RETINITIS PIGMENTOSA

RETINITIS PIGMENTOSA (RP)

Retinitis Pigmentosa (RP) is one of the diseases associated with our eyes. It starts in the “retina,” the light-sensitive thin layer of tissue in the back part of our eye. Conditions of the eyes are both inherited and acquired, but with retinitis pigmentosa, it is an inherited degenerative disease. Retinitis pigmentosa is a group of eye diseases; a rare condition wherein the loss and breakdowns of cells in the retina occur, and because of this, the eyes progressively degenerate which results in blindness. This condition still doesn’t have a cure, but some methods can slow the eyes’ vision loss.

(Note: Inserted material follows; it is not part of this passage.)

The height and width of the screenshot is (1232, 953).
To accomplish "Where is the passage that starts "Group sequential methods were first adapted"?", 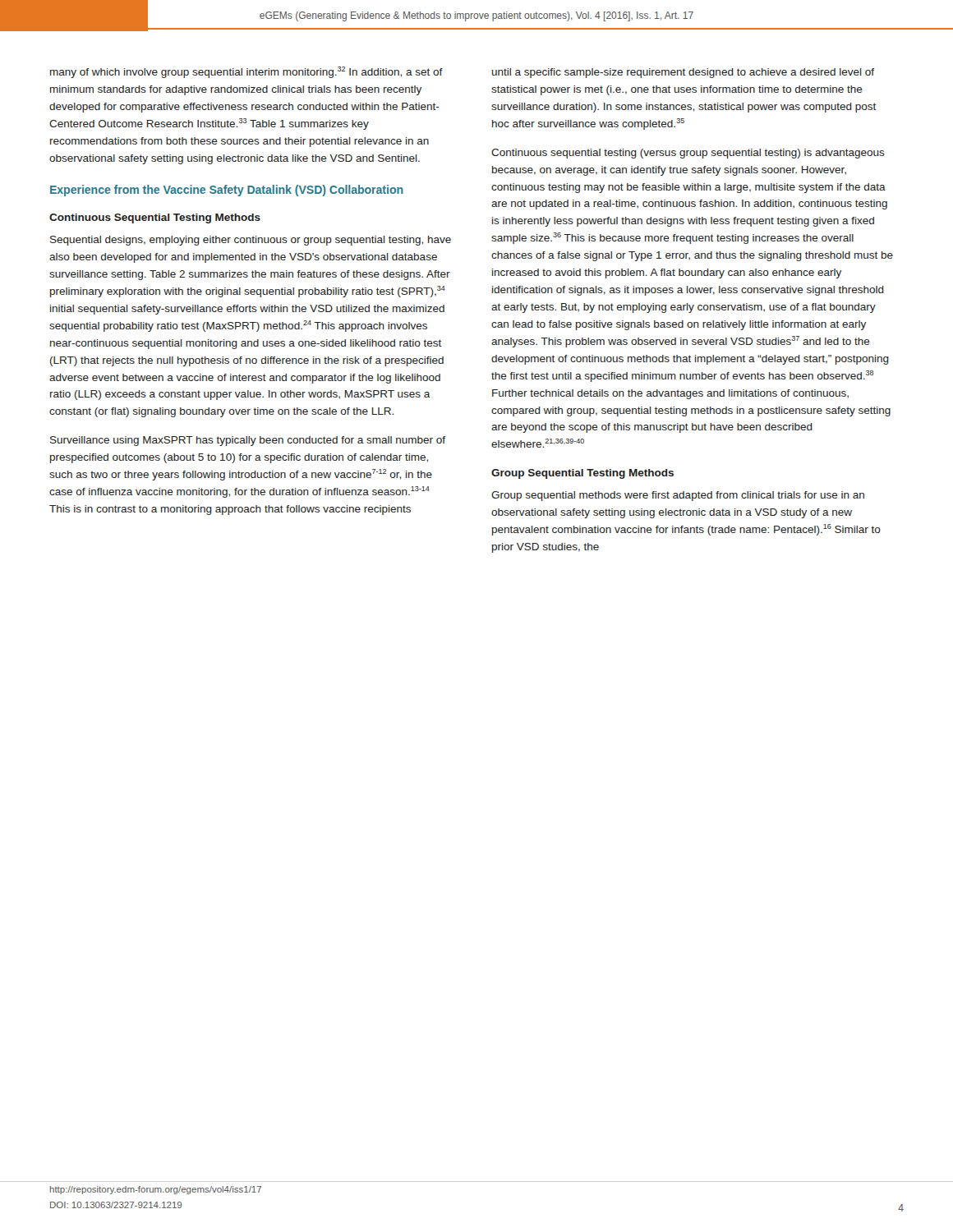I will point(693,522).

The retina has two types of cells: rods and cones. Both cells are photoreceptors in the retina. The rods function in a nightlight or lower light while cones cells are visual photoreceptors. Rods are found in the outer sides of the retina and aid peripheral vision.  Cones function in bright lights or daylight. They’re located in the center of the retina, and they help your eyes see colors and details. In most cases, the rods degenerate first and not cones, and because of that, you lose your peripheral vision first, and when the disease reaches your cones, you’ll lose your vision and your ability to see colors.

TYPES

It can be passed down biologically and create three different types of Retinitis Pigmentosa:

  1. The first type is the Autosomal Recessive RP, wherein there is one problematic copy and one normal gene with no symptoms from the parents, but the child will inherit two problem copies. It can still be inherited, but there is only25% that the child will get the condition.
  2. The Autosomal Dominant RP type only needs one problem copy for the child to develop the condition. With this type, the child can inherit the disease with a 50% possibility.
  3. X-Linked RP is the third type of Retinitis Pigmentosa (RP) wherein only a mother who carries the problem gene can pass it down to her children.  Only 1 out of 5 mild symptoms may show, but there is a 50% chance that her children will inherit it. Most women are asymptomatic, but men who have it have more severe cases, although men who have the problem gene can’t pass it down to their children.

SYMPTOMS

Some of the symptoms of Retinitis Pigmentosa (RP) include the following:

  • It takes longer to adjust to the darkness (night-blindness)
  • Have “tunnel vision,” wherein you start losing your peripheral vision
  • Have difficulty seeing colors
  • You might experience “photophobia,” which is finding bright lights uncomfortable
  • May also experience “photopsia,” which is seeing shimmering and blinking flashes of lights
  • Seeing floating specks
  • Distorted vision

DIAGNOSIS

If you start experiencing two or more symptoms, you should go to your ophthalmologist. These signs may pose a significant threat to your vision. When you visit your doctor, he/she will run tests to check if you have retinitis pigmentosa. The doctor will check your retina to see if there are dark spots. You will also take a test on how your eyes can see particular objects or light, and it will look at how far you can see. The ophthalmologist may also put a unique contact lens on your eye to see how it will react to the light.  The last test is the genetic test wherein you’ll give a sample of your DNA (deoxyribonucleic acid) to know which type of retinitis pigmentosa you inherited.

TREATMENT

Doctors still haven’t found a cure for retinitis pigmentosa, but there are methods to slow your vision loss:

  • Acetazolamide

Acetazolamide is a medicine used to heal the swelling and improve your vision when you experience “macular edema,” which is the build-up of fluid in one part of your eye called the “macula,” (area of the center of the retina) that causes it to swell and thicken which results to loss of vision.

  • Vitamin A Palmitate

Vitamin A Palmitate, also known as “retinyl palmitate,” is a mixture of retinol and palmitic acid. It is a form of Vitamin A found in animal products like eggs, chicken, and beef. This medicine can help slow down the effects of retinitis pigmentosa, but too much of a dose is toxic for your body.

  • Sunglasses

Wearing sunglasses or glasses with anti-radiation specs can help lessen your sensitivity to bright light, and protect your eyes from harmful ultraviolet rays which can help speed up vision loss.

  • Retinal Implant

In the United States of America, doctors have developed a retinal implant procedure wherein they implant Argus II into one eye and give you glasses that contain a camera. The camera sends signals to the retina and can give partial eyesight.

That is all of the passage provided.